Content-Type: text/html; charset=utf-8 Content-Disposition: attachment; filename=SOA-102012059675-FEBRUARY-2017.html Content-Transfer-Encoding: base64
This was followed with base64 encoded data. So does this mean emacs interpreted the content as UTF-16 and encoded the content using UTF-8?. Again I've no clue, so I changed the encoding in both the files to be as UTF-8 and sent the mail by attaching these files again to see what happens. And my guess was right I could get the attachment as is on the receiving side. And inspecting raw mail the attachment headers now different than before.

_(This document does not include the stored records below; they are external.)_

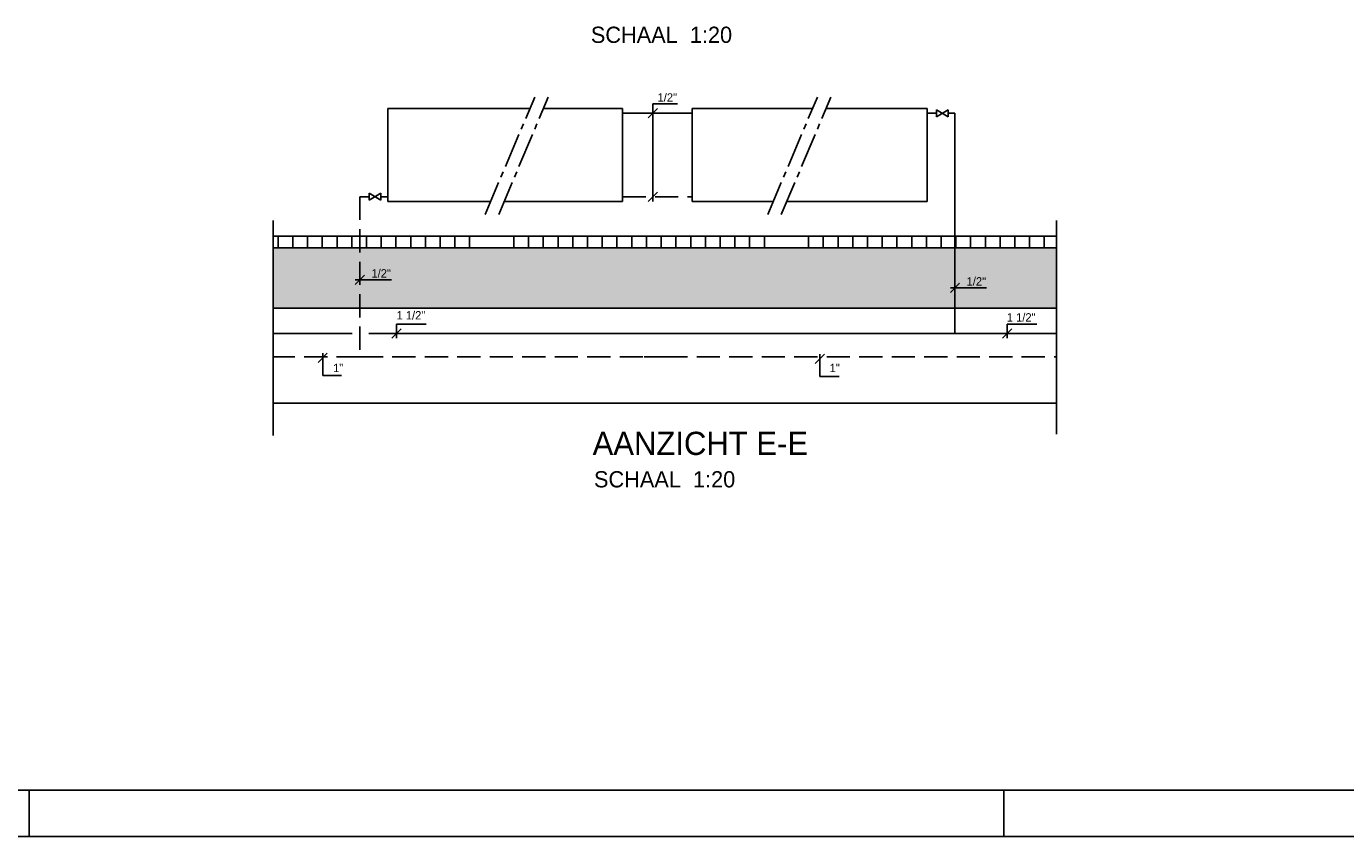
# Model space of a CAD drawing. Extents: x -1448 to 118900, y -195097 to 442500.
# Tile 14 of 103: x 34837 to 63262, y 358400 to 375865. Entities that reach past the tile are written whole.
import ezdxf

# ---------------------------------------------------------------- set-up
doc = ezdxf.new("R2010")
doc.units = 0
doc.header["$LTSCALE"] = 100
for name, pattern in [('2322107', [2000, 1000, 1000]), ('2322108', [7, 5, -2]), ('CENTER2', [11.25, 7.5, -1.25, 1.25, -1.25])]:
    doc.linetypes.add(name, pattern=pattern)
doc.layers.get('0').update_dxf_attribs({"linetype": 'CONTINUOUS'})
for name, color, linetype in [('00KAD025', 2, 'CONTINUOUS'), ('00KAD070', 5, 'CONTINUOUS'), ('BL$2----', 7, 'CONTINUOUS'), ('BOUW', 8, 'CONTINUOUS'), ('WL561---', 4, 'CONTINUOUS'), ('WL561---_AANVOER', 4, 'CONTINUOUS'), ('WL561---_RETOUR', 4, 'CONTINUOUS'), ('WL570---', 3, 'CONTINUOUS'), ('WL570---_RETOUR', 3, 'CONTINUOUS'), ('WM561---', 1, 'CONTINUOUS'), ('WM570---', 1, 'CONTINUOUS')]:
    doc.layers.add(name, color=color, linetype=linetype)
doc.styles.add('BURO-018', font='BUROFONT.shx', dxfattribs={"height": 180})
doc.styles.add('BURO-035', font='BUROFONT.shx', dxfattribs={"height": 350})
doc.styles.add('BURO-050', font='BUROFONT.shx', dxfattribs={"height": 500})

# ---------------------------------------------------------------- blocks, each defined once
blk = doc.blocks.new('A0-HOR')
at = {"layer": '00KAD025', "linetype": 'CONTINUOUS'}
for p, q in [((349, 0), (349, 10)), ((559, 0), (559, 10)), ((0, 0), (1189, 0))]:
    blk.add_line(p, q, dxfattribs=at)
at = {"layer": '00KAD070', "linetype": 'CONTINUOUS'}
blk.add_line((10, 10), (1179, 10), dxfattribs=at)
blk = doc.blocks.new('*U207', base_point=(100045, 585181))
at = {"color": 0, "linetype": 'CONTINUOUS'}
for p, q in [((100145, 587081), (99945, 586881)), ((100045, 587181), (100045, 585081)), ((100045, 587181), (100575, 587181)), ((100145, 585281), (99945, 585081))]:
    blk.add_line(p, q, dxfattribs=at)
at = {"color": 0, "linetype": 'CONTINUOUS', "style": 'BURO-018'}
blk.add_text('1/2"', height=180, dxfattribs=at).set_placement((100145, 587231))
blk = doc.blocks.new('*U205', base_point=(106554, 583217))
at = {"color": 0, "linetype": 'CONTINUOUS'}
for p, q in [((106654, 583317), (106454, 583117)), ((106704, 583217), (106454, 583217)), ((106704, 583217), (107234, 583217))]:
    blk.add_line(p, q, dxfattribs=at)
at = {"color": 0, "linetype": 'CONTINUOUS', "style": 'BURO-018'}
blk.add_text('1/2"', height=180, dxfattribs=at).set_placement((106804, 583267))
blk = doc.blocks.new('3048301')
at = {"color": 0, "linetype": 'CONTINUOUS'}
for p, q in [((-2.5, 1.5), (2.5, -1.5)), ((-2.5, -1.5), (-2.5, 1.5)), ((2.5, 1.5), (-2.5, -1.5)), ((2.5, -1.5), (2.5, 1.5))]:
    blk.add_line(p, q, dxfattribs=at)
at = {"color": 0, "linetype": 'CONTINUOUS', "style": 'BURO-018', "flags": 1}
blk.add_attdef('CV_MATCODE', (0, 0), '', height=1.8, dxfattribs=at)
blk = doc.blocks.new('*U206', base_point=(93730, 583390))
at = {"color": 0, "linetype": 'CONTINUOUS'}
for p, q in [((93830, 583490), (93630, 583290)), ((93880, 583390), (93630, 583390)), ((93880, 583390), (94410, 583390))]:
    blk.add_line(p, q, dxfattribs=at)
at = {"color": 0, "linetype": 'CONTINUOUS', "style": 'BURO-018'}
blk.add_text('1/2"', height=180, dxfattribs=at).set_placement((93980, 583440))

msp = doc.modelspace()

# ---------------------------------------------------------------- hatches: boundary and pattern name
at = {"layer": 'BOUW'}
h = msp.add_hatch(dxfattribs=at)
h.set_pattern_fill('AR-SAND', color=256, scale=5, style=0)
h.set_pattern_definition([(37.5, (-51708.2, -212988.73), (-8.000156, 244.70662), [0, -193.04, 0, -215.9, 0, -206.375]), (7.5, (-51708.2, -212988.73), (224.76164, 358.41255), [0, -104.14, 0, -173.99, 0, -66.675]), (327.5, (-51864.41, -212988.73), (395.496185, 0.71859), [0, -63.5, 0, -228.6, 0, -298.45]), (317.5, (-51864.4, -212988.73), (381.77823, 111.46466), [0, -31.75, 0, -149.86, 0, -171.45])])
h.paths.add_polyline_path([(42021.6, 369792.7), (42021.6, 371092.7), (40152.8, 371092.7), (40152.8, 369792.7)])
h.paths.add_polyline_path([(43429.3, 369792.7), (43429.3, 371092.7), (42021.6, 371092.7), (42021.6, 369792.7)])
h.paths.add_polyline_path([(50646.1, 369792.7), (50646.1, 371092.7), (43429.3, 371092.7), (43429.3, 369792.7)])
h.paths.add_polyline_path([(54845.7, 369792.7), (54845.7, 371092.7), (50646.1, 371092.7), (50646.1, 369792.7)])
h.paths.add_polyline_path([(54845.7, 371092.7), (54845.7, 369792.7), (57033, 369792.7), (57033, 371092.7)])
edge = h.paths.add_edge_path()
edge.add_line((42121.6, 370500.8), (41921.6, 370300.8))
h.paths.add_polyline_path([(42226.6, 370405.8), (42746.6, 370405.8), (42746.6, 370675.8), (42226.6, 370675.8)], flags=24)
edge = h.paths.add_edge_path()
edge.add_line((42171.6, 370400.8), (41921.6, 370400.8))
edge = h.paths.add_edge_path(flags=16)
edge.add_line((42171.6, 370400.8), (42701.6, 370400.8))
edge = h.paths.add_edge_path()
edge.add_line((54945.7, 370328.4), (54745.7, 370128.4))
h.paths.add_polyline_path([(55050.7, 370233.4), (55570.7, 370233.4), (55570.7, 370503.4), (55050.7, 370503.4)], flags=24)
edge = h.paths.add_edge_path()
edge.add_line((54995.7, 370228.4), (54745.7, 370228.4))
edge = h.paths.add_edge_path(flags=16)
edge.add_line((54995.7, 370228.4), (55525.7, 370228.4))

# ---------------------------------------------------------------- linework, layer by layer
at = {"color": 1, "linetype": 'CONTINUOUS'}
for p, q in [((42914.5, 369342.7), (42714.5, 369142.7)), ((42814.5, 369442.7), (42814.5, 369142.7)), ((42814.5, 369442.7), (43454.4, 369442.7)), ((56072.1, 369342.7), (55872.1, 369142.7)), ((55972.1, 369442.7), (55972.1, 369142.7)), ((55972.1, 369442.7), (56612, 369442.7)), ((41321, 368820.5), (41121, 368620.5)), ((41221, 368340.5), (41221, 368820.5)), ((52033.6, 368798.3), (51833.6, 368598.3)), ((51933.6, 368318.3), (51933.6, 368798.3)), ((41221, 368340.5), (41626, 368340.5)), ((51933.6, 368318.3), (52348.6, 368318.3))]:
    msp.add_line(p, q, dxfattribs=at)
at = {"layer": 'WL561---_AANVOER', "linetype": '2322107'}
for p, q in [((47682.2, 373992.7), (49182.2, 373992.7)), ((54445.7, 373992.7), (54245.7, 373992.7)), ((54845.7, 373992.7), (54695.7, 373992.7)), ((54845.7, 369242.7), (54845.7, 373992.7)), ((41855.8, 369242.7), (40152.8, 369242.7)), ((48282.2, 369242.7), (42213.8, 369242.7)), ((54845.7, 369242.7), (48282.2, 369242.7)), ((57033, 369242.7), (54845.7, 369242.7))]:
    msp.add_line(p, q, dxfattribs=at)
at = {"layer": 'WL561---_RETOUR', "linetype": '2322108'}
for p, q in [((42021.6, 372192.7), (42021.6, 368742.7)), ((42021.6, 372192.7), (42221.6, 372192.7)), ((42471.6, 372192.7), (42622.3, 372192.7)), ((47682.2, 372192.7), (49182.2, 372192.7)), ((42021.6, 368742.7), (40152.8, 368742.7)), ((42021.6, 368742.7), (48147.1, 368742.7)), ((48147.1, 368742.7), (48582.2, 368742.7)), ((48582.2, 368742.7), (57033, 368742.7))]:
    msp.add_line(p, q, dxfattribs=at)
at = {"layer": 'WL570---', "color": 1}
for p, q in [((42622.3, 374092.7), (42622.3, 372092.7)), ((45684.8, 374092.7), (42622.3, 374092.7)), ((47682.2, 374092.7), (45976.9, 374092.7)), ((49182.2, 374092.7), (51775.1, 374092.7)), ((52067.2, 374092.7), (54245.7, 374092.7)), ((54245.7, 374092.7), (54245.7, 372092.7)), ((42622.3, 372092.7), (44841.7, 372092.7)), ((45133.7, 372092.7), (47682.2, 372092.7)), ((50932, 372092.7), (49182.2, 372092.7)), ((54245.7, 372092.7), (51224, 372092.7))]:
    msp.add_line(p, q, dxfattribs=at)
at = {"layer": 'WL570---', "color": 8, "linetype": 'CENTER2'}
for p, q in [((44721.1, 371806.8), (45789.4, 374340.7)), ((45013.2, 371806.8), (46081.4, 374340.7)), ((50811.4, 371806.8), (51879.7, 374340.7)), ((51103.5, 371806.8), (52171.7, 374340.7))]:
    msp.add_line(p, q, dxfattribs=at)
at = {"layer": 'WL570---', "color": 8}
for p, q in [((40152.8, 371679.3), (40152.8, 367045.7)), ((57033, 371679.3), (57033, 367073.6)), ((40152.8, 371342.7), (57033, 371342.7)), ((40260.4, 371092.7), (40260.4, 371342.7)), ((40577.9, 371092.7), (40577.9, 371342.7)), ((40895.4, 371092.7), (40895.4, 371342.7)), ((41212.9, 371092.7), (41212.9, 371342.7)), ((41530.4, 371092.7), (41530.4, 371342.7)), ((41847.9, 371092.7), (41847.9, 371342.7)), ((42165.4, 371092.7), (42165.4, 371342.7)), ((42482.9, 371092.7), (42482.9, 371342.7)), ((42800.4, 371092.7), (42800.4, 371342.7)), ((43117.9, 371092.7), (43117.9, 371342.7)), ((43435.4, 371092.7), (43435.4, 371342.7)), ((43752.9, 371092.7), (43752.9, 371342.7)), ((44070.4, 371092.7), (44070.4, 371342.7)), ((44387.9, 371092.7), (44387.9, 371342.7)), ((45340.4, 371092.7), (45340.4, 371342.7)), ((45657.9, 371092.7), (45657.9, 371342.7)), ((45975.4, 371092.7), (45975.4, 371342.7)), ((46292.9, 371092.7), (46292.9, 371342.7)), ((46610.4, 371092.7), (46610.4, 371342.7)), ((46927.9, 371092.7), (46927.9, 371342.7)), ((47245.4, 371092.7), (47245.4, 371342.7)), ((47562.9, 371092.7), (47562.9, 371342.7)), ((47880.4, 371092.7), (47880.4, 371342.7)), ((48197.9, 371092.7), (48197.9, 371342.7)), ((48515.4, 371092.7), (48515.4, 371342.7)), ((48832.9, 371092.7), (48832.9, 371342.7)), ((49150.4, 371092.7), (49150.4, 371342.7)), ((49467.9, 371092.7), (49467.9, 371342.7)), ((49785.4, 371092.7), (49785.4, 371342.7)), ((50102.9, 371092.7), (50102.9, 371342.7)), ((50420.4, 371092.7), (50420.4, 371342.7)), ((50737.9, 371092.7), (50737.9, 371342.7)), ((51690.4, 371092.7), (51690.4, 371342.7)), ((52007.9, 371092.7), (52007.9, 371342.7)), ((52325.4, 371092.7), (52325.4, 371342.7)), ((52642.9, 371092.7), (52642.9, 371342.7)), ((52960.4, 371092.7), (52960.4, 371342.7)), ((53277.9, 371092.7), (53277.9, 371342.7)), ((53595.4, 371092.7), (53595.4, 371342.7)), ((53912.9, 371092.7), (53912.9, 371342.7)), ((54230.4, 371092.7), (54230.4, 371342.7)), ((54547.9, 371092.7), (54547.9, 371342.7)), ((54865.4, 371092.7), (54865.4, 371342.7)), ((55182.9, 371092.7), (55182.9, 371342.7)), ((55500.4, 371092.7), (55500.4, 371342.7)), ((55817.9, 371092.7), (55817.9, 371342.7)), ((56135.4, 371092.7), (56135.4, 371342.7)), ((56452.9, 371092.7), (56452.9, 371342.7)), ((56770.4, 371092.7), (56770.4, 371342.7)), ((40152.8, 371092.7), (57033, 371092.7)), ((40152.8, 369792.7), (57033, 369792.7)), ((40152.8, 367742.7), (57033, 367742.7))]:
    msp.add_line(p, q, dxfattribs=at)
at = {"layer": 'WM570---'}
for p, q in [((47682.2, 374092.7), (47682.2, 372092.7)), ((49182.2, 374092.7), (49182.2, 372092.7))]:
    msp.add_line(p, q, dxfattribs=at)

# ---------------------------------------------------------------- block references
at = {"layer": 'BL$2----', "xscale": 100, "yscale": 100, "zscale": 100}
msp.add_blockref('A0-HOR', (0, 358400.2), dxfattribs=at)
at = {"layer": 'WL561---', "color": 1, "xscale": 50, "yscale": 50, "zscale": 50}
for p in [(54570.7, 373992.7), (42346.6, 372192.7)]:
    msp.add_blockref('3048301', p, dxfattribs=at)
at = {"layer": 'WM561---'}
for name, p in [('*U207', (48336.4, 372192.7)), ('*U206', (42021.6, 370400.8)), ('*U205', (54845.7, 370228.4))]:
    msp.add_blockref(name, p, dxfattribs=at)

# ---------------------------------------------------------------- texts
at = {"color": 1, "linetype": 'CONTINUOUS', "style": 'BURO-018'}
for s, p in [('1 1/2"', (42811.8, 369546.9)), ('1 1/2"', (55961.2, 369502.4)), ('1"', (41445.2, 368412.7)), ('1"', (52144.8, 368412.7))]:
    msp.add_text(s, height=180, dxfattribs=at).set_placement(p)
at = {"layer": 'WL570---_RETOUR', "color": 3, "style": 'BURO-035'}
for p in [(46999.2, 375508.9), (47067.1, 365927.4)]:
    msp.add_text('SCHAAL  1:20', height=350, dxfattribs=at).set_placement(p)
at = {"layer": 'WL570---_RETOUR', "color": 4, "style": 'BURO-050'}
msp.add_text('AANZICHT E-E', height=500, dxfattribs=at).set_placement((47037.1, 366626.7))

doc.saveas('drawing.dxf')

Content-Type: text/html Content-Disposition: attachment; filename=SOA-102012059675-DECEMBER-2016.html Content-Transfer-Encoding: quoted-printable
See how Content-Type its different now also see the Content-Transfer-Encoding its now quoted-printable as opposed to base64 earlier. Additionally I can see HTML content below the header. When I opened the attachment from mail I get the actual bill.
As far as I understand base64 encoding is used when the data to be attached is base64. So I guess basically due to wrong encoding declared inside the file Emacs interpreted the content as a binary data and encoded it differently than what it really should be. Phew that was a lot of investigation to understand the magic but it was worth it.
Do let me know your thoughts on this.